**PROVIDED DATA:**
•••
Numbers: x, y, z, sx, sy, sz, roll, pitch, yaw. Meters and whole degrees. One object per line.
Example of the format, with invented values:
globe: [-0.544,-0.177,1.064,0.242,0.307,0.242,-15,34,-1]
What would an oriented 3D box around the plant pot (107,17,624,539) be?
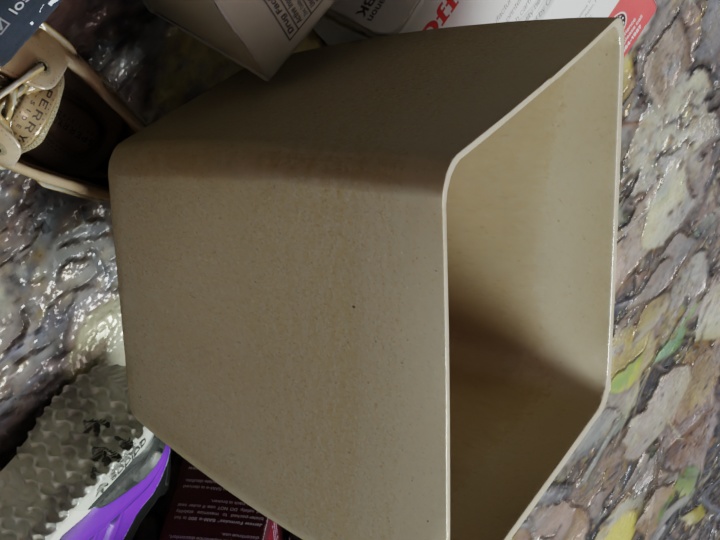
•••
**WHAT IS BEING ASKED:** From the first line to the last, write out the data exactly, dropping any pictures.

**ANSWER TO THE EXERCISE:**
Numbers: x, y, z, sx, sy, sz, roll, pitch, yaw. Meters and whole degrees. One object per line.
Example of the format, with invented values:
globe: [-0.544,-0.177,1.064,0.242,0.307,0.242,-15,34,-1]
What would an oriented 3D box around the plant pot (107,17,624,539) be?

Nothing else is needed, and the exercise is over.